Should supply chain professionals be worried about the competitiveness and long-term viability of Europe’s chemical sector?
According to a recent report commissioned by Cefic, Europe’s chemical industry association, the answer is a resounding yes: chemical plant closures in Europe surged sixfold since 2022, reaching a cumulative 37 Mt of capacity over the three year period, or around 9% of European production capacity; meanwhile, new investment has collapsed, with announced investment capacity falling from 2.7 Mt in 2022 to just 0.3 Mt in 2025.
Amid imminent closures and declining investment, the industry warns of “a growing asymmetry, potentially leading to a net capacity reduction of -30.2Mt.”
“It’s no longer a question of being five minutes before or after twelve,” said Marco Mensink, Cefic’s Director General. “The sector is under severe stress and breaking.”
The report, conducted by Roland Berger on behalf of Cefic, counted 70 closure announcements in 2025 alone; of these, 56 were for units with known capacity.

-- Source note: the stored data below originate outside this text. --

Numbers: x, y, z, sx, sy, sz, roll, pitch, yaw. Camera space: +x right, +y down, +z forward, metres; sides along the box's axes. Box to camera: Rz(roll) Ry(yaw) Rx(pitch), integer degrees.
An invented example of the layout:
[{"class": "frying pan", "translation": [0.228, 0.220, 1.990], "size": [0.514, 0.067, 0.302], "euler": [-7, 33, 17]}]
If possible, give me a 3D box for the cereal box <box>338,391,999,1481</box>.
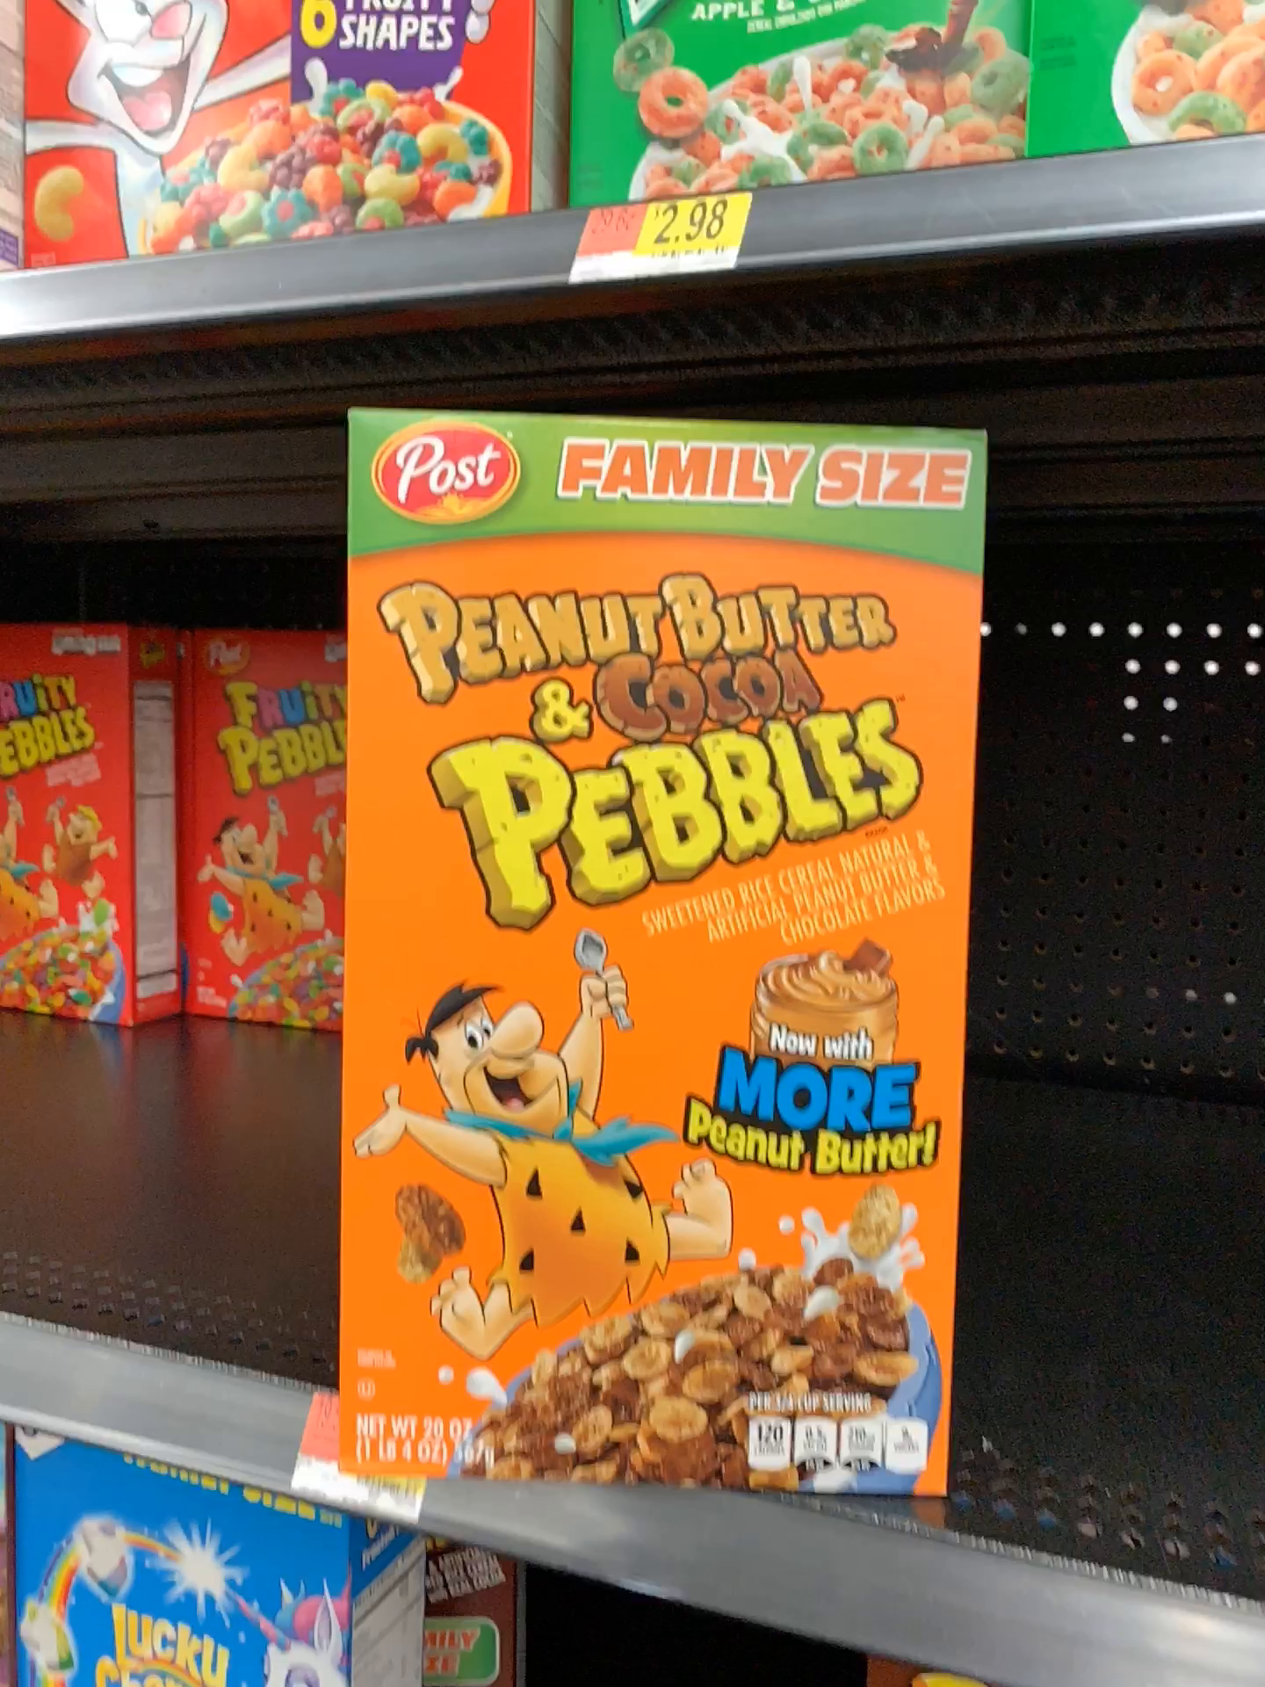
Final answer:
[{"class": "cereal box", "translation": [0.009, 0.031, 0.439], "size": [0.200, 0.340, 0.060], "euler": [1, 4, 0]}]

Energy cost competitiveness was cited as the primary rationale in 49% of all closures between 2022-2025, followed by low demand (19%), overcapacity (9%), and regulatory factors (8%).
What capacity is being lost
Capacity closures announced between 2022 and 2025 were first and foremost found within the upstream petrochemicals segment (losing 17.8 Mt between 2022 and 2025, or around 14% of the segment’s total production capacity), followed by basic inorganics (losing 11.7 Mt, or 8% of production capacity), polymers (5.4 Mt, 6%), and specialty chemicals (2.0 Mt, 4%).
The 16% decline in European steam cracker capacity over the period concerned is all the more dramatic when compared to the situation between 2017 and 2022, when the segment saw a mere 1% reduction in capacity. This impacts Europe’s ability to make its own ethylene, propylene, and butadiene.
Anemic investment
On the investment side, the report notes 21 “confirmed” chemical investments in 2025, of which 14 had known capacity, amounting to some 7 Mt in total. Beyond those, it noted an additional 5 Mt of investments which had been announced but not yet confirmed by a final investment decision, construction start date, or completion; however, it cautioned that not all of those announcements would necessarily materialize.
Between 2022 and 2025, confirmed investments were found in the battery value chain (€1.9 billion), emissions reduction (also €1.9 billion), and recycling (€1.5 billion, mainly focused on chemical recycling of plastics to pyrolysis oil).
Impacts upstream
The European chemicals sector provides inputs worth €26.2 billion to the packaging industry each year, mostly in the form of plastics; €59 billion to agriculture and food, including fertilizers and additives; and €39.3 billion to the consumer products industry to make personal care items and household cleaning agents.
“As the backbone of manufacturing, healthcare, defence, water treatment, food production and clean‑energy technologies, the industry underpins countless regional value chains,” Ellen Mulder, Cefic’s communications manager, told Expana. “Its continued decline means higher costs for downstream industries, growing supply insecurity, and increased strategic vulnerability.”
Indeed, as the organization has previously explained, “the pandemic has highlighted the interdependencies within the chemical value chain, showing that disruptions can cause significant bottlenecks… [and reinforcing] the importance of maintaining a minimum level of local supply and demand to avoid cascading failures across the entire value chain.” It argues that relocation of production to cost-competitive regions introduces significant challenges, including extended supply delays, regulatory or compliance risks, and supply chain disruptions from policy changes or environmental regulations.